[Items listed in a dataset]
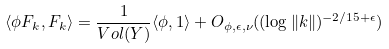Convert formula to latex. <formula><loc_0><loc_0><loc_500><loc_500>\langle \phi F _ { k } , F _ { k } \rangle = \frac { 1 } { V o l ( Y ) } \langle \phi , 1 \rangle + O _ { \phi , \epsilon , \nu } ( ( \log \| k \| ) ^ { - 2 / 1 5 + \epsilon } )</formula> 
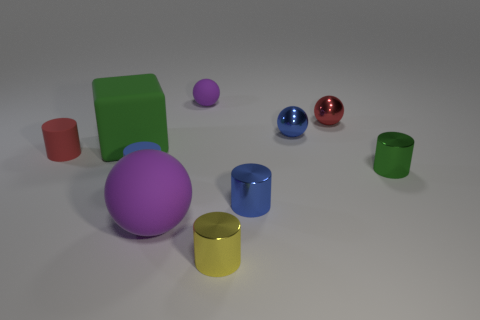What is the shape of the purple thing that is in front of the blue metal object that is in front of the green metallic object?
Keep it short and to the point. Sphere. What is the color of the other metallic object that is the same shape as the red metal object?
Provide a short and direct response. Blue. There is a purple sphere in front of the green cylinder; is its size the same as the green matte cube?
Give a very brief answer. Yes. The metal thing that is the same color as the large block is what shape?
Make the answer very short. Cylinder. What number of other yellow objects are the same material as the tiny yellow object?
Your answer should be very brief. 0. There is a red object to the right of the red thing left of the tiny blue metal object that is in front of the small green thing; what is its material?
Ensure brevity in your answer.  Metal. What is the color of the tiny sphere to the left of the cylinder in front of the blue shiny cylinder?
Give a very brief answer. Purple. There is a object that is the same size as the block; what is its color?
Your answer should be compact. Purple. What number of small objects are either yellow metal cylinders or green rubber balls?
Provide a succinct answer. 1. Is the number of red rubber things that are behind the green metallic thing greater than the number of purple things that are behind the small blue ball?
Ensure brevity in your answer.  No. 
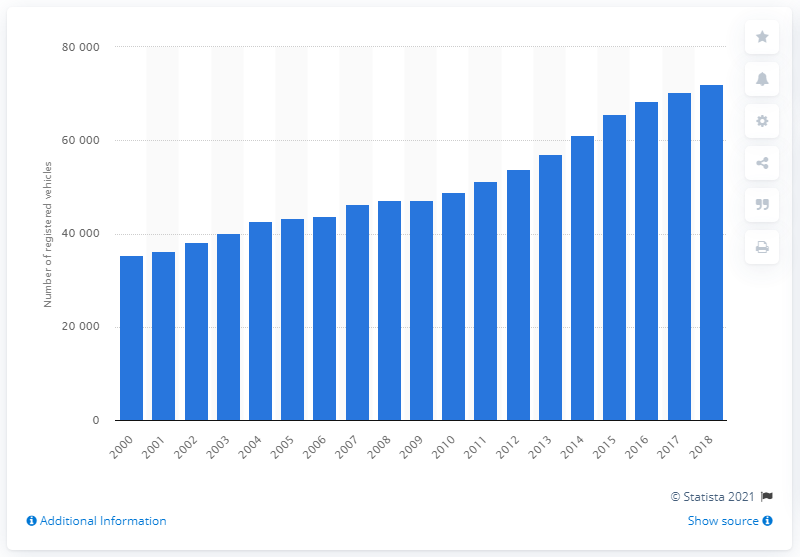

WHAT THE EXERCISE ASKS -
Above are the records; repeat exactly the lines from the one holding "Give a very brief answer. Purple." down to the one holding "Your answer should be compact.", end lines included.

OUTPUT OF THE EXERCISE -
Give a very brief answer. Purple. There is a object that is the same size as the block; what is its color?
Your answer should be compact. Purple. What number of small objects are either yellow metal cylinders or green rubber balls?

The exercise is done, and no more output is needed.